Summary Against Modern Thought: Substance & Being vs. Matter & Form

This may be proved in three ways. The first...
This may be proved in three ways. The first…
See the first post in this series for an explanation and guide of our tour of Summa Contra Gentiles. All posts are under the category SAMT.

Previous post.

Back to basics this week, with some important links which do a better job summarizing these topics than I can do easily.

Chapter 54 That composition of substance and being is not the same as composition of matter and form (alternate translation)

1 Now composition of matter and form is not of the same nature as composition of substance and being, although both result from potentiality and act.

Notes About matter and form we have done much already. Substance: “signifies being as existing in and by itself, and serving as a subject or basis for accidents and accidental changes.” A piece of wood can be lying on its side, upright, painted white or plain, yet it is still a piece of wood.

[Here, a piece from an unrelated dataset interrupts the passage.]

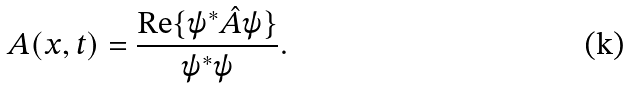<formula> <loc_0><loc_0><loc_500><loc_500>A ( { x } , t ) = \frac { \text {Re} \{ \psi ^ { * } \hat { A } \psi \} } { \psi ^ { * } \psi } .</formula> 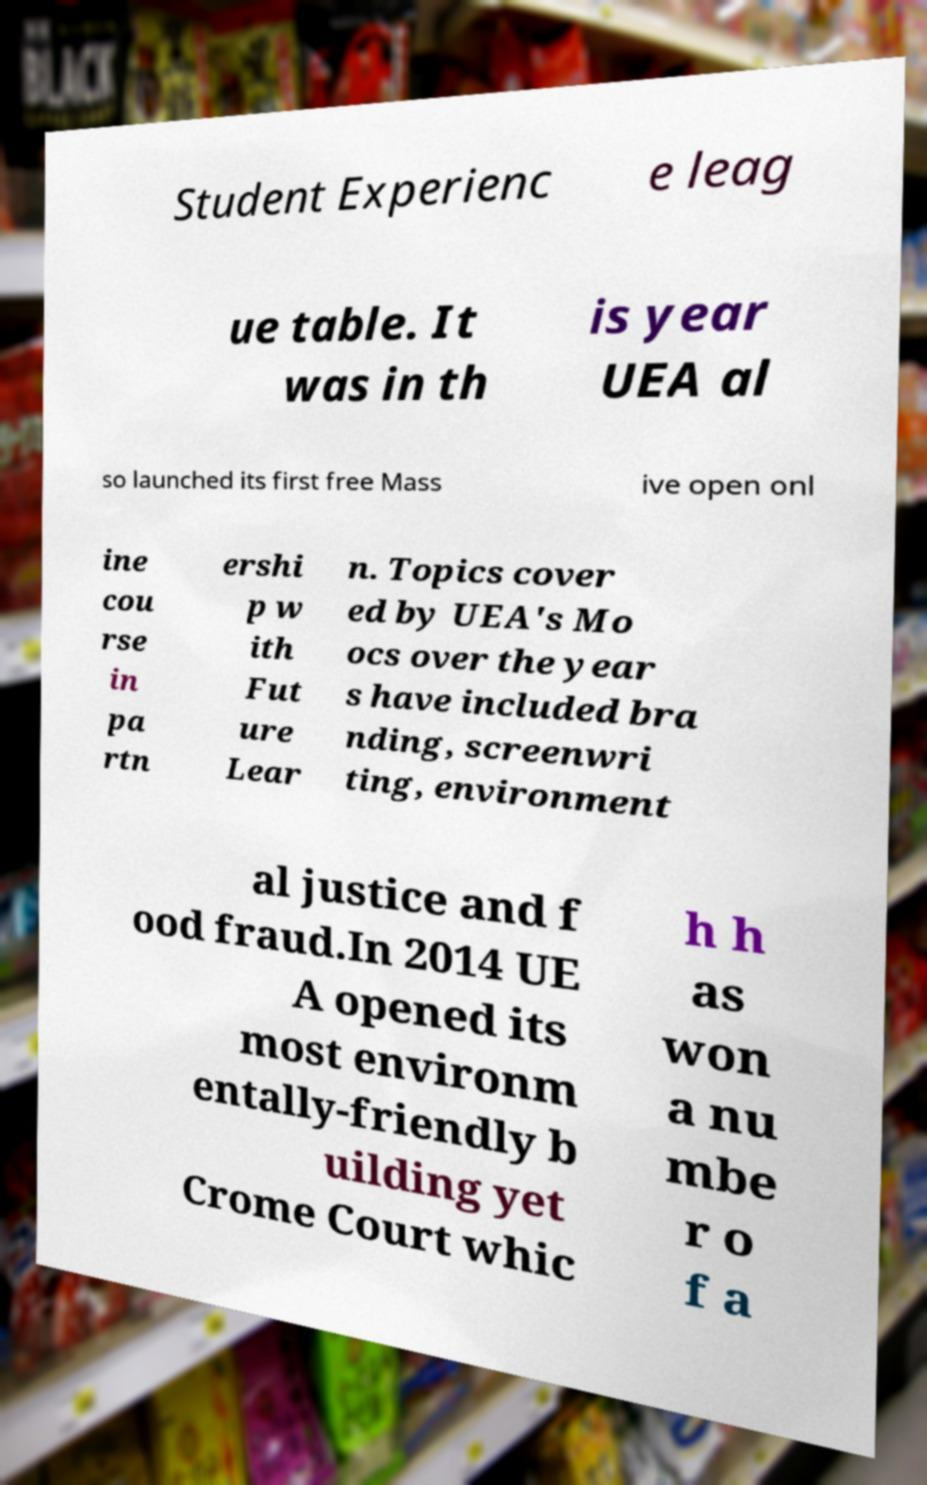I need the written content from this picture converted into text. Can you do that? Student Experienc e leag ue table. It was in th is year UEA al so launched its first free Mass ive open onl ine cou rse in pa rtn ershi p w ith Fut ure Lear n. Topics cover ed by UEA's Mo ocs over the year s have included bra nding, screenwri ting, environment al justice and f ood fraud.In 2014 UE A opened its most environm entally-friendly b uilding yet Crome Court whic h h as won a nu mbe r o f a 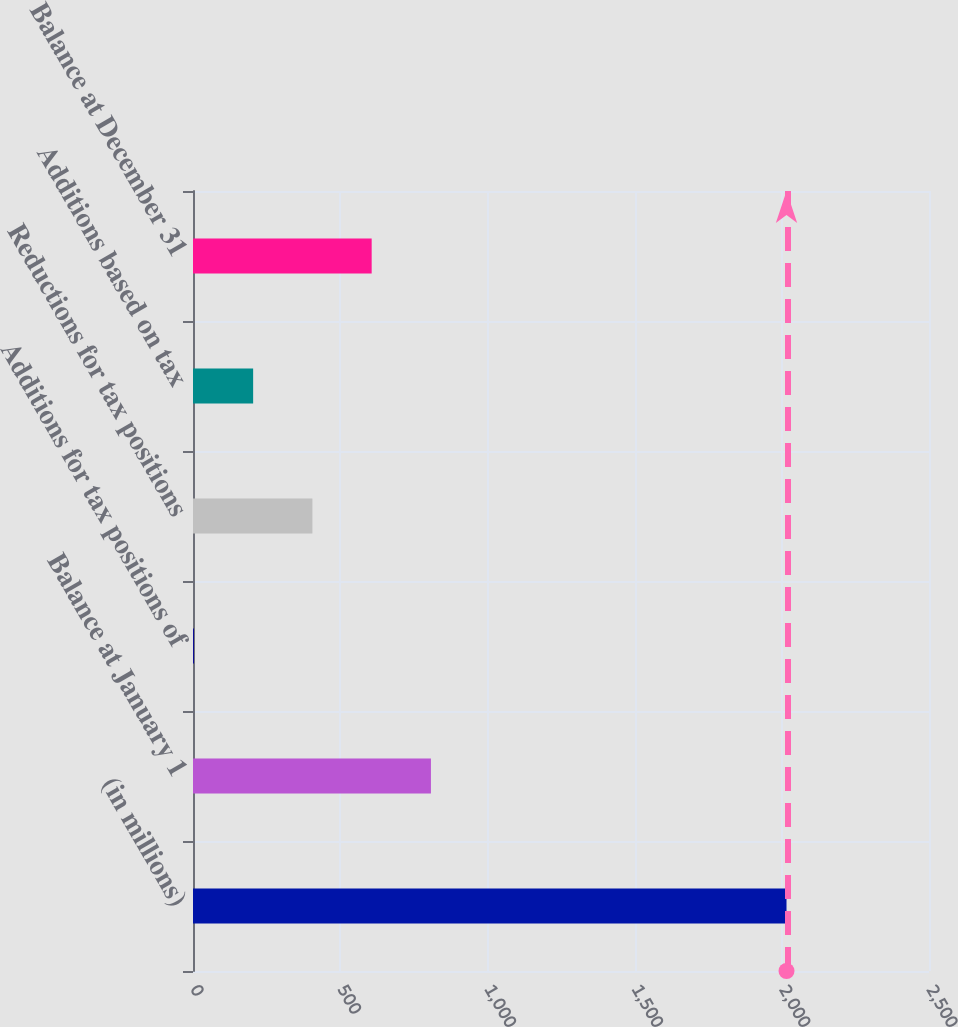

It is necessary, therefore, to recognize in each thing certain secondary realities (see ACCIDENT) and also a permanent fundamentum which continues to exist notwithstanding the superficial changes, which serves as a basis or support for the secondary realities — what, in a word, we term the substance. Its fundamental characteristic is to be in itself and by itself, and not in another subject as accidents are.

2 First, because matter is not the very substance of a thing, else it would follow that all forms are accidental, as the early natural philosophers maintained; but matter is part of the substance.

Notes There has to be permanent fixtures of form; there is something that makes all chairs chairs. Incidentally, see also nominalism.

3 Secondly, because being itself is the proper act, not of matter, but of the whole substance: for being is the act of that whereof we can say that it is. Now being is said, not of matter but of the whole. Therefore we cannot say of matter that it is, but the substance itself is that which is.

4 Thirdly, because neither is the form being itself, but they are related as things in an order: because form is compared to being as light to enlightening, or whiteness to being white.

5 Also, because being itself is compared as act even to the very form. For in things composed of matter and form, the form is said to be the principle of being, for the reason that it is the complement of substance, whose act being is: even as transparency is to the air the principle of being lightsome, in that it makes the air the proper subject of light.

6 Wherefore in things composed of matter and form, neither matter nor form, nor even being itself, can be described as that which is. Yet the form can be described as that whereby it is, or asmuch as it is the principle of being: but the whole substance is what is; and being is that whereby the substance is called a being.

Notes In being were everything, then there’d be no differentiating anything that exists.

7 But in intellectual substances, which are not composed of matter and form, as shown above, and wherein the form itself is a subsistent substance, the form is what is, and being is the act whereby it is.

8 Consequently in them there is but one composition of act and potentiality, a composition namely of substance and being, which by some is said to be of what is and being, or of what is and whereby it is.

9 On the other hand in things composed of matter and form there is a twofold composition of act and potentiality: the first, of the substance itself which is composed of matter and form; the second, of the already composite substance, and being, which composition can also be said to be of what is and being, or of what is and whereby it is.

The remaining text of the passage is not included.